#### [EXERCISE OBJECTIVE]
Among the lines below, copy exactly those from the one with "Identify the document" through the one with "text Le groupe", counting both ends.

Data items

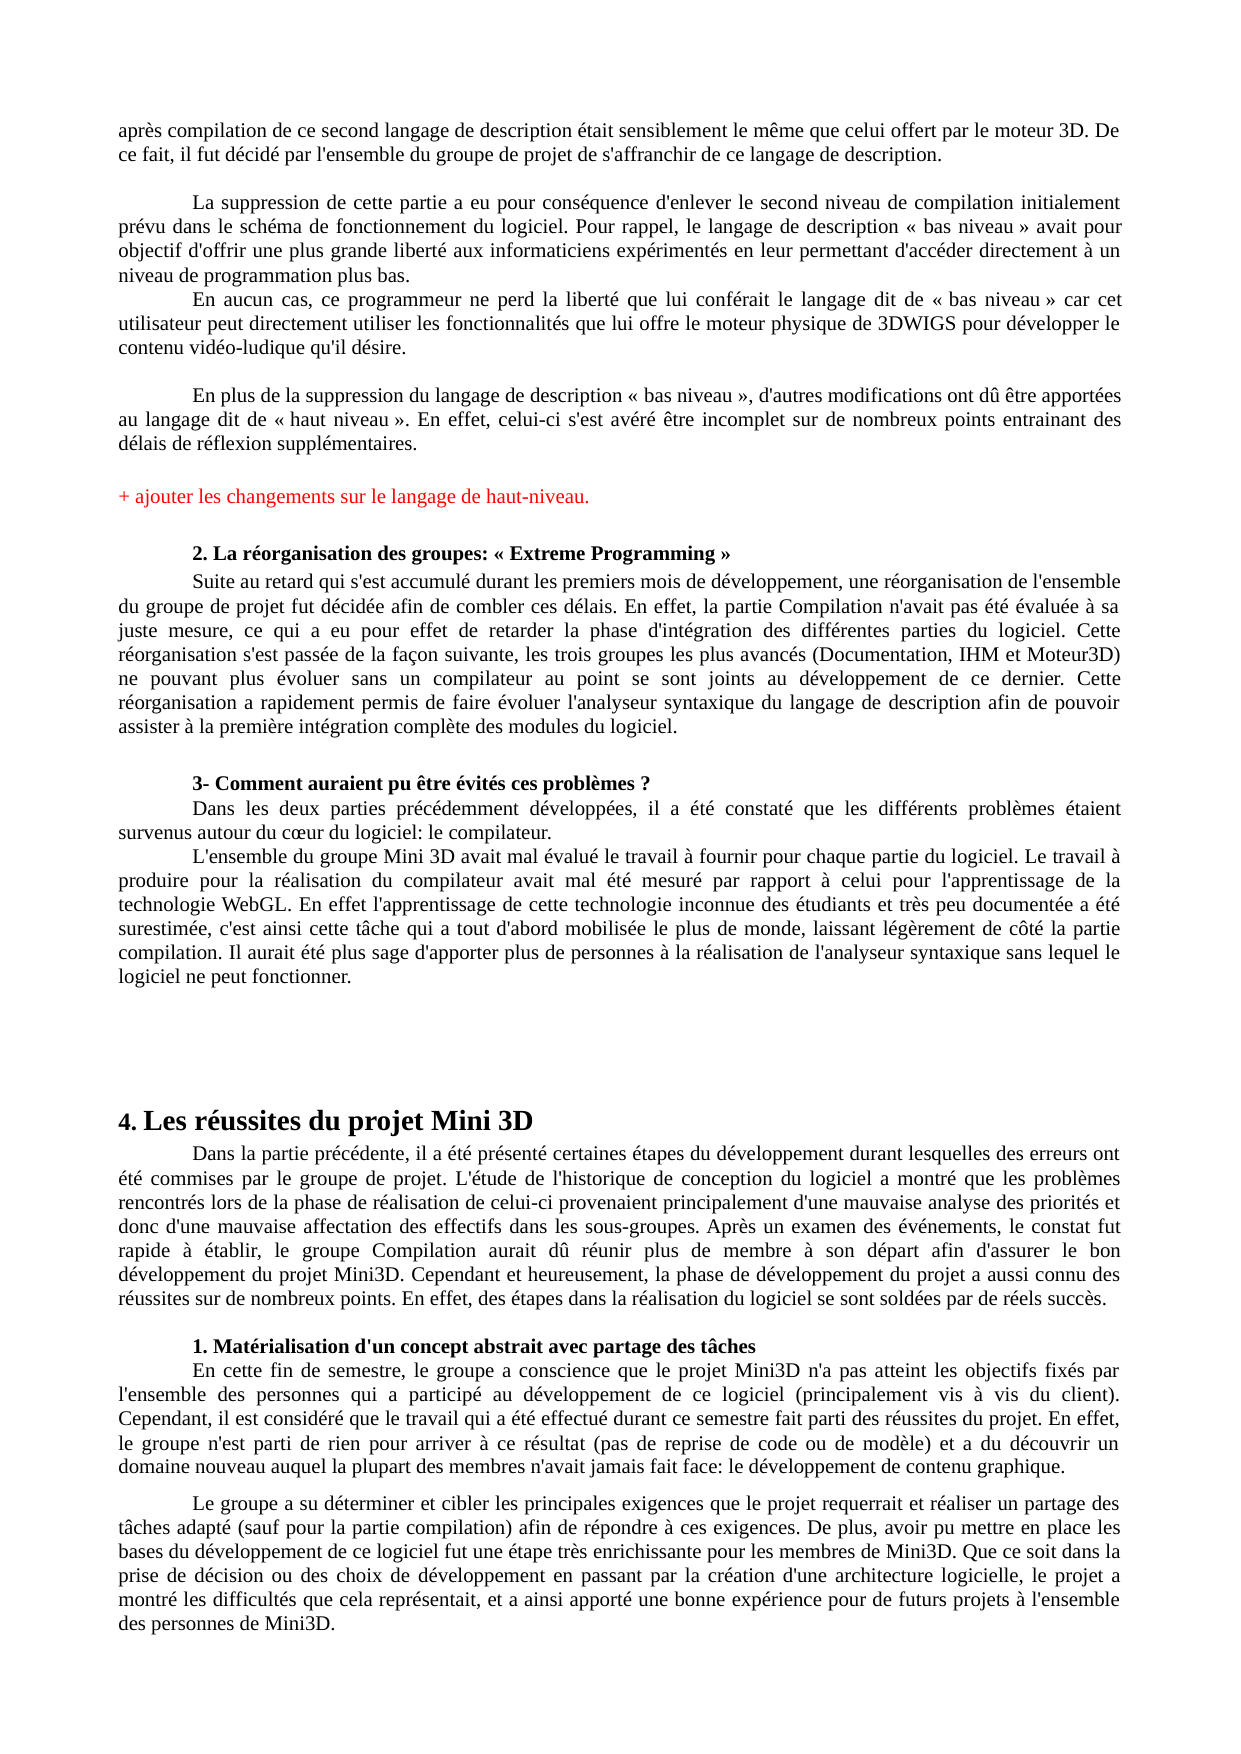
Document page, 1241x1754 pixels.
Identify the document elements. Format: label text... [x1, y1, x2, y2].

text Le groupe a su déterminer et cibler les principales exigences que le projet requerrait et réaliser un partage des tâches adapté (sauf pour la partie compilation) afin de répondre à ces exigences. De plus, avoir pu mettre en place les bases du développement de ce logiciel fut une étape très enrichissante pour les membres de Mini3D. Que ce soit dans la prise de décision ou des choix de développement en passant par la création d'une architecture logicielle, le projet a montré les difficultés que cela représentait, et a ainsi apporté une bonne expérience pour de futurs projets à l'ensemble des personnes de Mini3D. [118, 1491, 1122, 1635]
text Dans les deux parties précédemment développées, il a été constaté que les différents problèmes étaient survenus autour du cœur du logiciel: le compilateur. [118, 796, 1122, 844]
text 4. Les réussites du projet Mini 3D [118, 1103, 1122, 1137]
text L'ensemble du groupe Mini 3D avait mal évalué le travail à fournir pour chaque partie du logiciel. Le travail à produire pour la réalisation du compilateur avait mal été mesuré par rapport à celui pour l'apprentissage de la technologie WebGL. En effet l'apprentissage de cette technologie inconnue des étudiants et très peu documentée a été surestimée, c'est ainsi cette tâche qui a tout d'abord mobilisée le plus de monde, laissant légèrement de côté la partie compilation. Il aurait été plus sage d'apporter plus de personnes à la réalisation de l'analyseur syntaxique sans lequel le logiciel ne peut fonctionner. [118, 844, 1122, 988]
text La suppression de cette partie a eu pour conséquence d'enlever le second niveau de compilation initialement prévu dans le schéma de fonctionnement du logiciel. Pour rappel, le langage de description « bas niveau » avait pour objectif d'offrir une plus grande liberté aux informaticiens expérimentés en leur permettant d'accéder directement à un niveau de programmation plus bas. [118, 190, 1122, 287]
text Dans la partie précédente, il a été présenté certaines étapes du développement durant lesquelles des erreurs ont été commises par le groupe de projet. L'étude de l'historique de conception du logiciel a montré que les problèmes rencontrés lors de la phase de réalisation de celui-ci provenaient principalement d'une mauvaise analyse des priorités et donc d'une mauvaise affectation des effectifs dans les sous-groupes. Après un examen des événements, le constat fut rapide à établir, le groupe Compilation aurait dû réunir plus de membre à son départ afin d'assurer le bon développement du projet Mini3D. Cependant et heureusement, la phase de développement du projet a aussi connu des réussites sur de nombreux points. En effet, des étapes dans la réalisation du logiciel se sont soldées par de réels succès. [118, 1137, 1122, 1310]
text + ajouter les changements sur le langage de haut-niveau. [118, 484, 1122, 508]
text après compilation de ce second langage de description était sensiblement le même que celui offert par le moteur 3D. De ce fait, il fut décidé par l'ensemble du groupe de projet de s'affranchir de ce langage de description. [118, 118, 1122, 166]
text 2. La réorganisation des groupes: « Extreme Programming » [118, 537, 1122, 565]
text En cette fin de semestre, le groupe a conscience que le projet Mini3D n'a pas atteint les objectifs fixés par l'ensemble des personnes qui a participé au développement de ce logiciel (principalement vis à vis du client). Cependant, il est considéré que le travail qui a été effectué durant ce semestre fait parti des réussites du projet. En effet, le groupe n'est parti de rien pour arriver à ce résultat (pas de reprise de code ou de modèle) et a du découvrir un domaine nouveau auquel la plupart des membres n'avait jamais fait face: le développement de contenu graphique. [118, 1358, 1122, 1478]
text 1. Matérialisation d'un concept abstrait avec partage des tâches [118, 1334, 1122, 1358]
text En plus de la suppression du langage de description « bas niveau », d'autres modifications ont dû être apportées au langage dit de « haut niveau ». En effet, celui-ci s'est avéré être incomplet sur de nombreux points entrainant des délais de réflexion supplémentaires. [118, 383, 1122, 455]
text En aucun cas, ce programmeur ne perd la liberté que lui conférait le langage dit de « bas niveau » car cet utilisateur peut directement utiliser les fonctionnalités que lui offre le moteur physique de 3DWIGS pour développer le contenu vidéo-ludique qu'il désire. [118, 287, 1122, 359]
text 3- Comment auraient pu être évités ces problèmes ? [118, 767, 1122, 796]
text Suite au retard qui s'est accumulé durant les premiers mois de développement, une réorganisation de l'ensemble du groupe de projet fut décidée afin de combler ces délais. En effet, la partie Compilation n'avait pas été évaluée à sa juste mesure, ce qui a eu pour effet de retarder la phase d'intégration des différentes parties du logiciel. Cette réorganisation s'est passée de la façon suivante, les trois groupes les plus avancés (Documentation, IHM et Moteur3D) ne pouvant plus évoluer sans un compilateur au point se sont joints au développement de ce dernier. Cette réorganisation a rapidement permis de faire évoluer l'analyseur syntaxique du langage de description afin de pouvoir assister à la première intégration complète des modules du logiciel. [118, 565, 1122, 738]

#### [FINAL ANSWER]
Identify the document elements. Format: label text... [x1, y1, x2, y2].

text Le groupe a su déterminer et cibler les principales exigences que le projet requerrait et réaliser un partage des tâches adapté (sauf pour la partie compilation) afin de répondre à ces exigences. De plus, avoir pu mettre en place les bases du développement de ce logiciel fut une étape très enrichissante pour les membres de Mini3D. Que ce soit dans la prise de décision ou des choix de développement en passant par la création d'une architecture logicielle, le projet a montré les difficultés que cela représentait, et a ainsi apporté une bonne expérience pour de futurs projets à l'ensemble des personnes de Mini3D. [118, 1491, 1122, 1635]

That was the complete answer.